Hippocrates Biography



Born: c. 460 B.C.E.
Cos, Greece
Died: c. 377 B.C.E.
Larissa, Greece

Greek physician

The ancient Greek physician Hippocrates is called the father of medicine. He changed the course of Greek medicine with his certainty that disease was not caused by gods or spirits but was the result of natural action.

Early life

Hippocrates was born on the Aegean island of Cos, just off the Ionian coast near Halicarnassus (island of Greece) during the end of the fifth century B.C.E. He is called Hippocrates Asclepiades, "descendant of (the doctor-god) Asclepios," but it is uncertain whether this descent was by family or merely by his becoming attached to the medical profession. Legend likewise places him in the family line of the hero Hercules.
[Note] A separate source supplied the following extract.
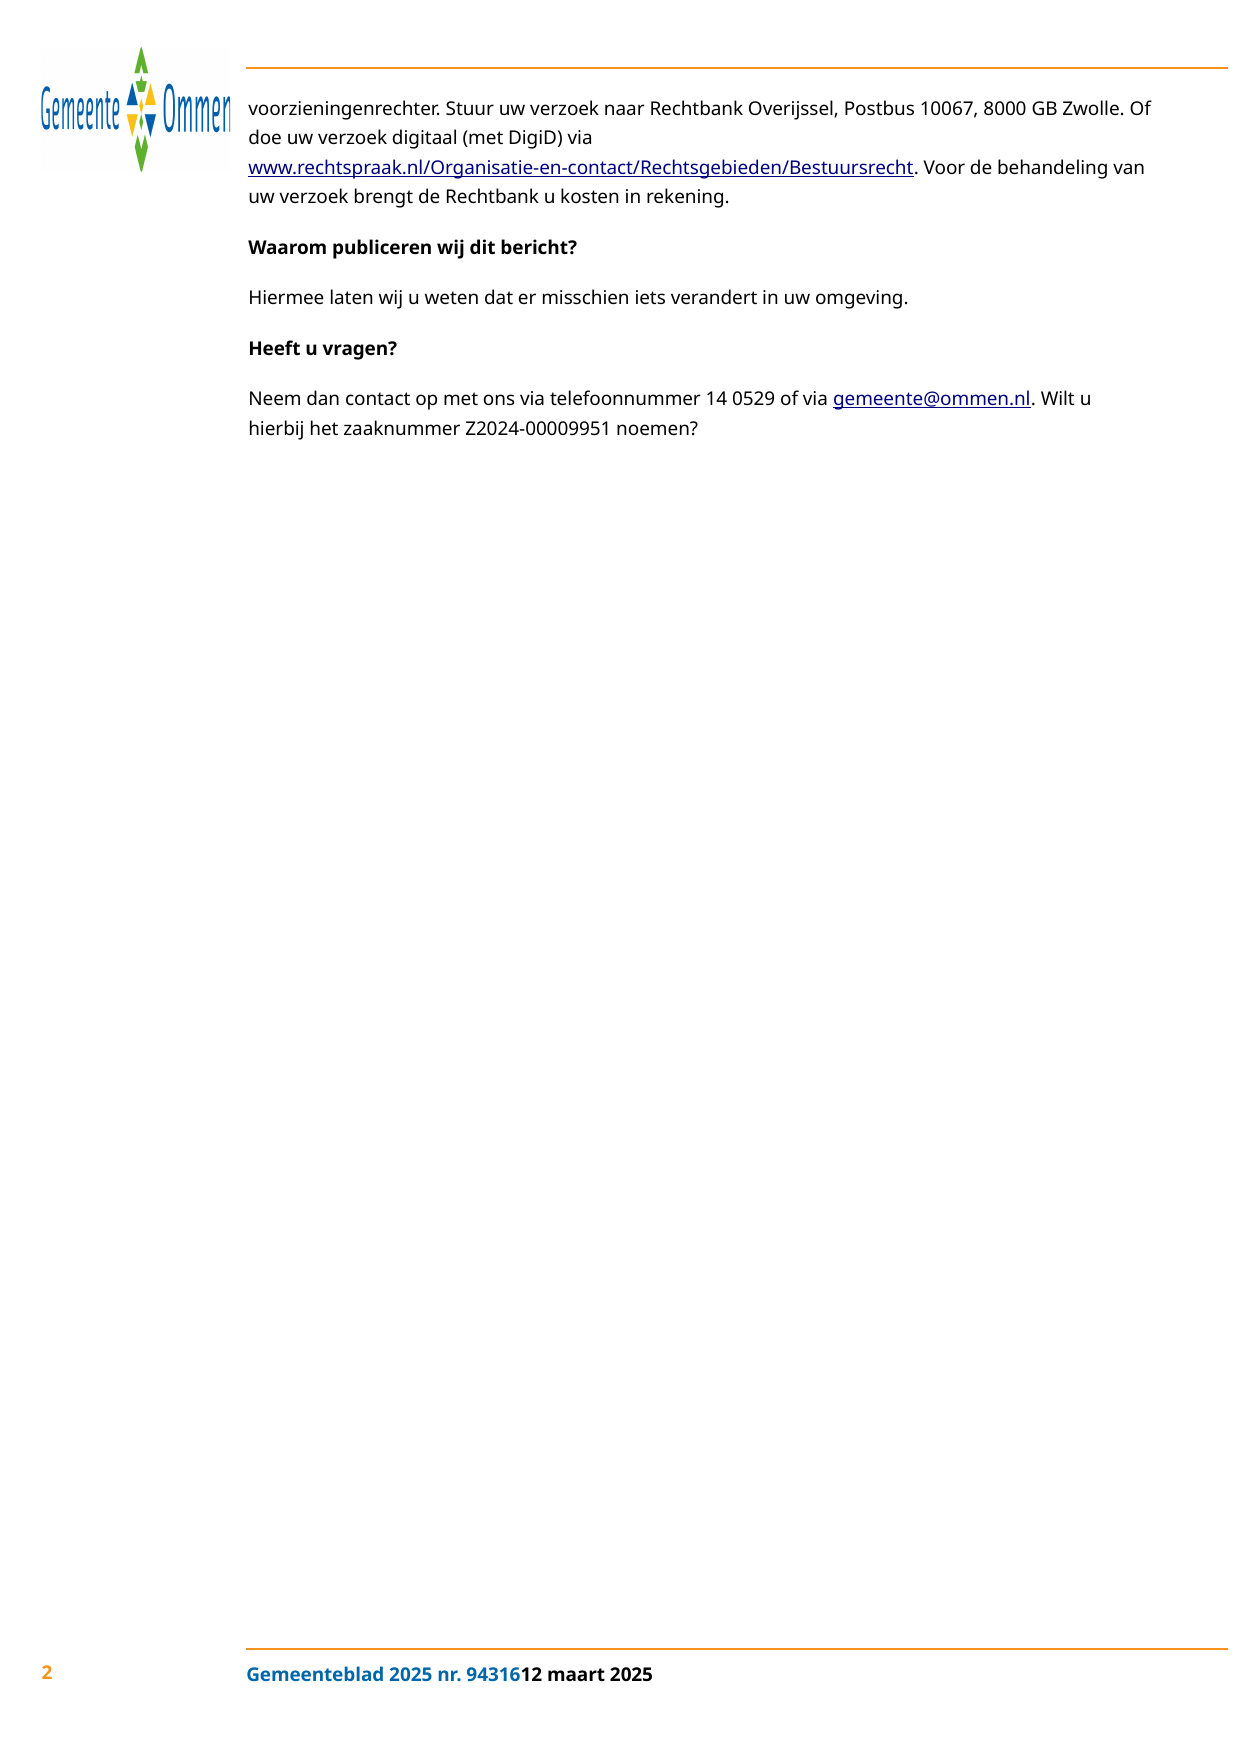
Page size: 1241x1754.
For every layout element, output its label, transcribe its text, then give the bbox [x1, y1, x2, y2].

Son of Heracleides and Praxithea, Hippocrates's family's wealth permitted him to have a good educational beginning as a child. After nine years of physical education, reading, writing, spelling, music, singing, and poetry, he went to a secondary school, where he spent two years and had very thorough athletic training. It is likely that he went on to study medicine under his father in a form of apprenticeship (arrangement to learn a trade through work experience). This involved following his father and another doctor, Herodicos, from patient to patient and observing their treatment. It is believed that his training included traveling to the Greek mainland and possibly to Egypt and Libya to study medical practices.

Adult talents

Hippocrates is credited with healing many, including the king of Macedonia whom he examined and helped to recover from tuberculosis (disease of the lungs). His commitment to healing was put to the test when he battled the plague (a bacteria-caused disease that spreads quickly and can cause death) for three years in Athens (430–427 B.C.E. ). It is also clear that the height of his career was during the Peloponnesian War (431–404 B.C.E. ).
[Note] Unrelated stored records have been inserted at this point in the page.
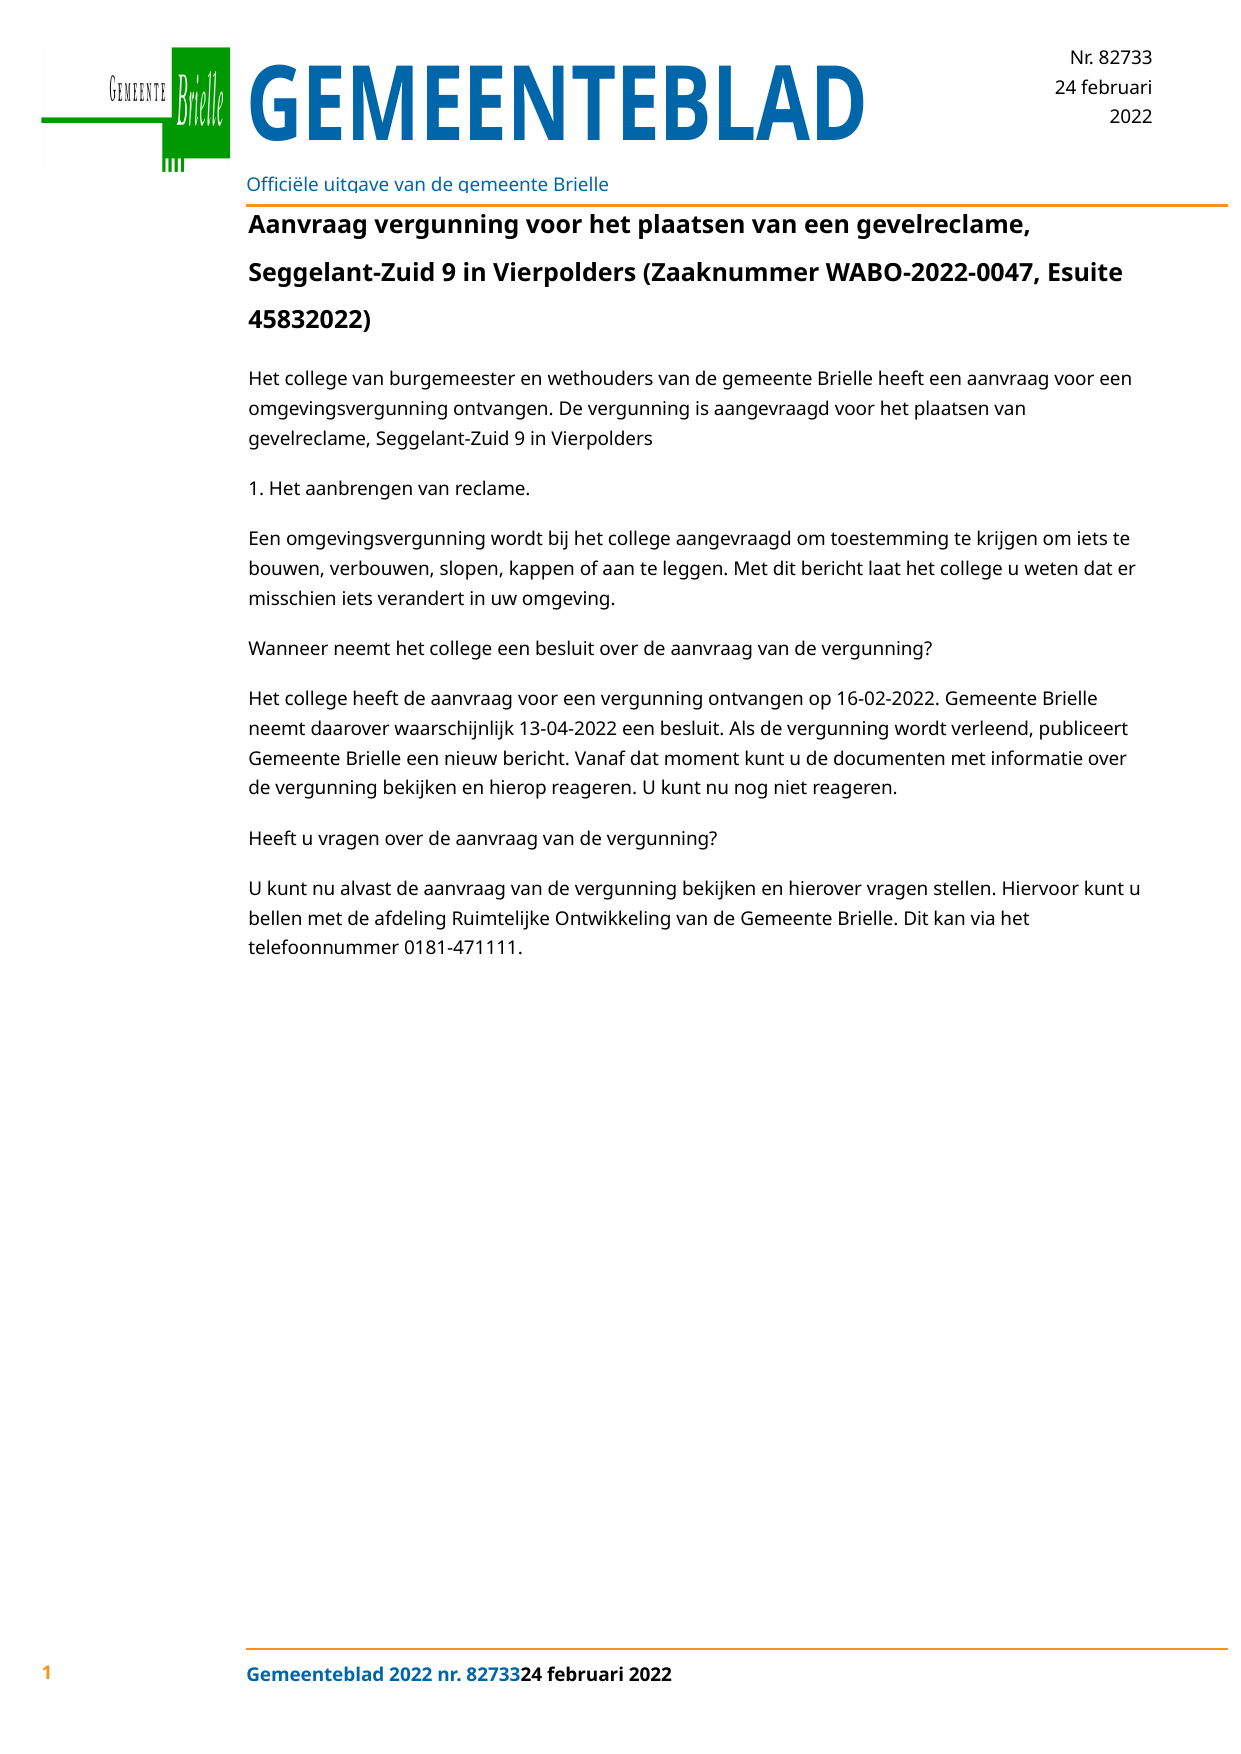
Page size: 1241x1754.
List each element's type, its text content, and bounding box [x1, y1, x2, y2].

picture [41, 47, 231, 172]
text Aanvraag vergunning voor het plaatsen van een gevelreclame, Seggelant-Zuid 9 in Vierpolders (Zaaknummer WABO-2022-0047, Esuite 45832022) [248, 207, 1152, 336]
text Het college van burgemeester en wethouders van de gemeente Brielle heeft een aanvraag voor een omgevingsvergunning ontvangen. De vergunning is aangevraagd voor het plaatsen van gevelreclame, Seggelant-Zuid 9 in Vierpolders [248, 366, 1152, 450]
text Een omgevingsvergunning wordt bij het college aangevraagd om toestemming te krijgen om iets te bouwen, verbouwen, slopen, kappen of aan te leggen. Met dit bericht laat het college u weten dat er misschien iets verandert in uw omgeving. [248, 526, 1152, 610]
text 1. Het aanbrengen van reclame. [248, 475, 1152, 501]
text Wanneer neemt het college een besluit over de aanvraag van de vergunning? [248, 635, 1152, 661]
text Het college heeft de aanvraag voor een vergunning ontvangen op 16-02-2022. Gemeente Brielle neemt daarover waarschijnlijk 13-04-2022 een besluit. Als de vergunning wordt verleend, publiceert Gemeente Brielle een nieuw bericht. Vanaf dat moment kunt u de documenten met informatie over de vergunning bekijken en hierop reageren. U kunt nu nog niet reageren. [248, 686, 1152, 800]
text U kunt nu alvast de aanvraag van de vergunning bekijken en hierover vragen stellen. Hiervoor kunt u bellen met de afdeling Ruimtelijke Ontwikkeling van de Gemeente Brielle. Dit kan via het telefoonnummer 0181-471111. [248, 875, 1152, 960]
text Heeft u vragen over de aanvraag van de vergunning? [248, 825, 1152, 850]

His teaching was as well-remembered as his healing. A symbol of the many students he encouraged is the "Tree of Hippocrates," which shows students sitting under a tree listening to him. In time he apprenticed his own sons, Thessalus and Draco, in the practice of medicine. The teacher and doctor role combined well in 400 B.C.E. , when he founded a school of medicine in Cos.

Hippocratic Corpus

The body of writing attributed to Hippocrates, the Hippocratic Corpus, is a collection of roughly seventy works—the oldest surviving complete medical books. In ancient times some works in the Hippocratic Corpus, the first known edition of which are from the time of the emperor Hadrian (reigned C.E. 117–138), were recognized as having been written by persons other than Hippocrates. Modern scholars have no knowledge of his writing style to prove which of the works Hippocrates wrote. Nowhere in the Hippocratic Corpus is the entire Hippocratic set of guidelines found. Each subject was written with a particular reader in mind. Some books are directed toward the physician, some for the pharmacist, some for the professional physician, and some are directed more at the layman (person who is not an expert in the field).
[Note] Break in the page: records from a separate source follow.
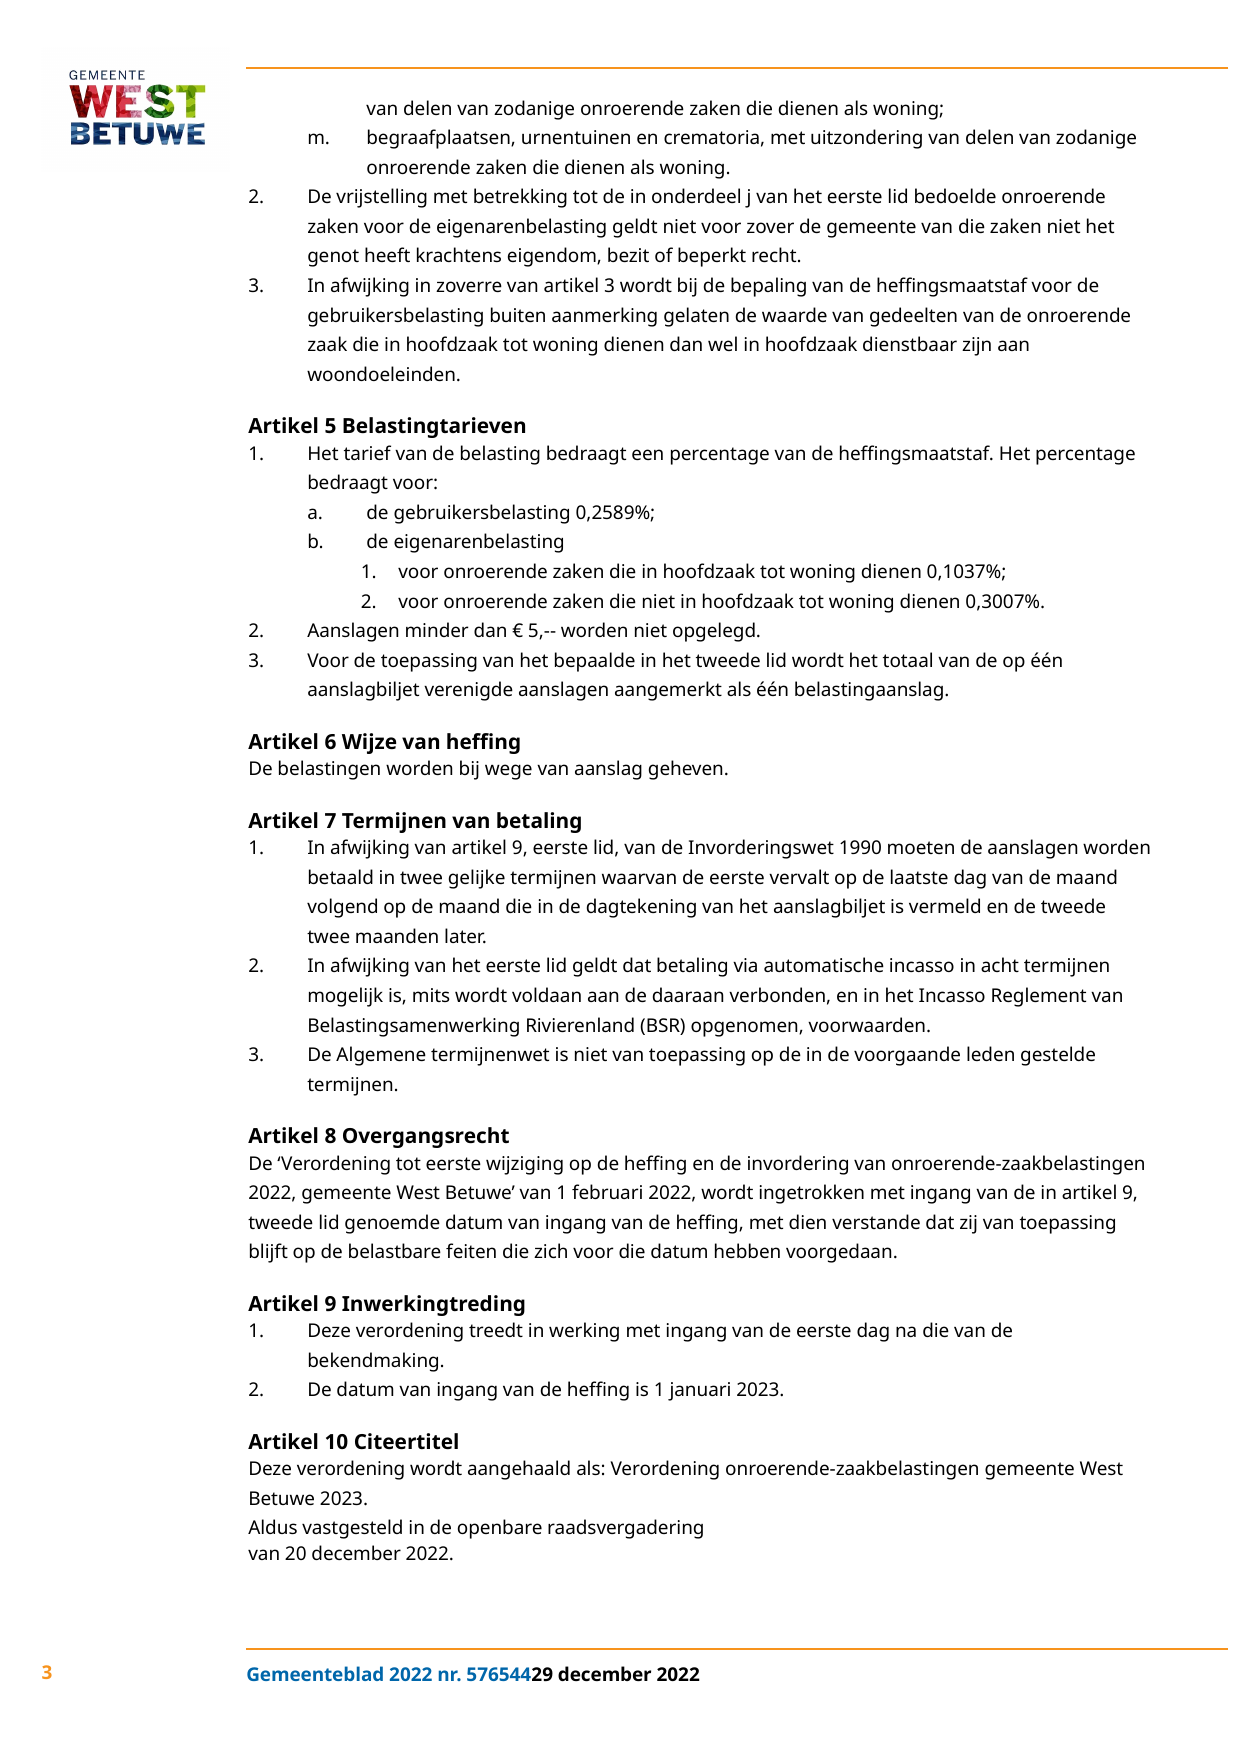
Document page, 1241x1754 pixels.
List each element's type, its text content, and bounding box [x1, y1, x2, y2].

text van 20 december 2022. [248, 1540, 1152, 1566]
list De datum van ingang van de heffing is 1 januari 2023. [248, 1377, 1152, 1402]
list De vrijstelling met betrekking tot de in onderdeel j van het eerste lid bedoelde onroerende zaken voor de eigenarenbelasting geldt niet voor zover de gemeente van die zaken niet het genot heeft krachtens eigendom, bezit of beperkt recht. [248, 183, 1152, 268]
list Aanslagen minder dan € 5,-- worden niet opgelegd. [248, 617, 1152, 643]
list begraafplaatsen, urnentuinen en crematoria, met uitzondering van delen van zodanige onroerende zaken die dienen als woning. [307, 124, 1152, 180]
list In afwijking van artikel 9, eerste lid, van de Invorderingswet 1990 moeten de aanslagen worden betaald in twee gelijke termijnen waarvan de eerste vervalt op de laatste dag van de maand volgend op de maand die in de dagtekening van het aanslagbiljet is vermeld en de tweede twee maanden later. [248, 834, 1152, 949]
text Artikel 6 Wijze van heffing [248, 727, 1152, 755]
text Artikel 7 Termijnen van betaling [248, 806, 1152, 834]
list van delen van zodanige onroerende zaken die dienen als woning; [307, 95, 1152, 121]
list de eigenarenbelasting [307, 529, 1152, 554]
text Artikel 5 Belastingtarieven [248, 411, 1152, 440]
list De Algemene termijnenwet is niet van toepassing op de in de voorgaande leden gestelde termijnen. [248, 1041, 1152, 1097]
picture [41, 47, 231, 172]
list voor onroerende zaken die in hoofdzaak tot woning dienen 0,1037%; [361, 558, 1152, 584]
list de gebruikersbelasting 0,2589%; [307, 499, 1152, 525]
list In afwijking van het eerste lid geldt dat betaling via automatische incasso in acht termijnen mogelijk is, mits wordt voldaan aan de daaraan verbonden, en in het Incasso Reglement van Belastingsamenwerking Rivierenland (BSR) opgenomen, voorwaarden. [248, 953, 1152, 1037]
list In afwijking in zoverre van artikel 3 wordt bij de bepaling van de heffingsmaatstaf voor de gebruikersbelasting buiten aanmerking gelaten de waarde van gedeelten van de onroerende zaak die in hoofdzaak tot woning dienen dan wel in hoofdzaak dienstbaar zijn aan woondoeleinden. [248, 272, 1152, 387]
list Deze verordening treedt in werking met ingang van de eerste dag na die van de bekendmaking. [248, 1317, 1152, 1373]
text Aldus vastgesteld in de openbare raadsvergadering [248, 1514, 1152, 1540]
text De ‘Verordening tot eerste wijziging op de heffing en de invordering van onroerende-zaakbelastingen 2022, gemeente West Betuwe’ van 1 februari 2022, wordt ingetrokken met ingang van de in artikel 9, tweede lid genoemde datum van ingang van de heffing, met dien verstande dat zij van toepassing blijft op de belastbare feiten die zich voor die datum hebben voorgedaan. [248, 1150, 1152, 1264]
list Voor de toepassing van het bepaalde in het tweede lid wordt het totaal van de op één aanslagbiljet verenigde aanslagen aangemerkt als één belastingaanslag. [248, 647, 1152, 702]
text Artikel 9 Inwerkingtreding [248, 1289, 1152, 1317]
list voor onroerende zaken die niet in hoofdzaak tot woning dienen 0,3007%. [361, 588, 1152, 613]
text De belastingen worden bij wege van aanslag geheven. [248, 755, 1152, 781]
text Artikel 8 Overgangsrecht [248, 1121, 1152, 1150]
text Artikel 10 Citeertitel [248, 1427, 1152, 1455]
list Het tarief van de belasting bedraagt een percentage van de heffingsmaatstaf. Het percentage bedraagt voor: [248, 440, 1152, 495]
text Deze verordening wordt aangehaald als: Verordening onroerende-zaakbelastingen gemeente West Betuwe 2023. [248, 1455, 1152, 1511]

In Hippocrates's time doctors wrote treatises (written arguments) for the educated public, who in turn discussed medical problems with their doctors. The aim of these books was to teach the layman how to judge a physician—not to advise on self-treatment or even first aid in order to avoid seeing a doctor.

These medical treatises made up the Hippocratic Corpus. Modern readers can see that experimentation played its role in the Hippocratic view of medicine, because the individual approach to disease is nothing more than experimentation. It is obvious, too, that firsthand experience played a part, since throughout the Corpus the plant ingredients of remedies are described by taste and odor. There are also instances of very basic laboratory-type experiments. The Sacred Disease, one treatise of the Hippocratic Corpus, describes dissections (the act of being separated into pieces) of animals, the results of which permitted comparisons to the human body to be drawn. Further, in their attempts to describe the body, the Hippocratics made use of external (outside) observation only. In On Ancient Medicine the internal organs are described as they can be seen or felt externally. It is most unlikely that dissection of the human body was practiced in the fifth century B.C.E.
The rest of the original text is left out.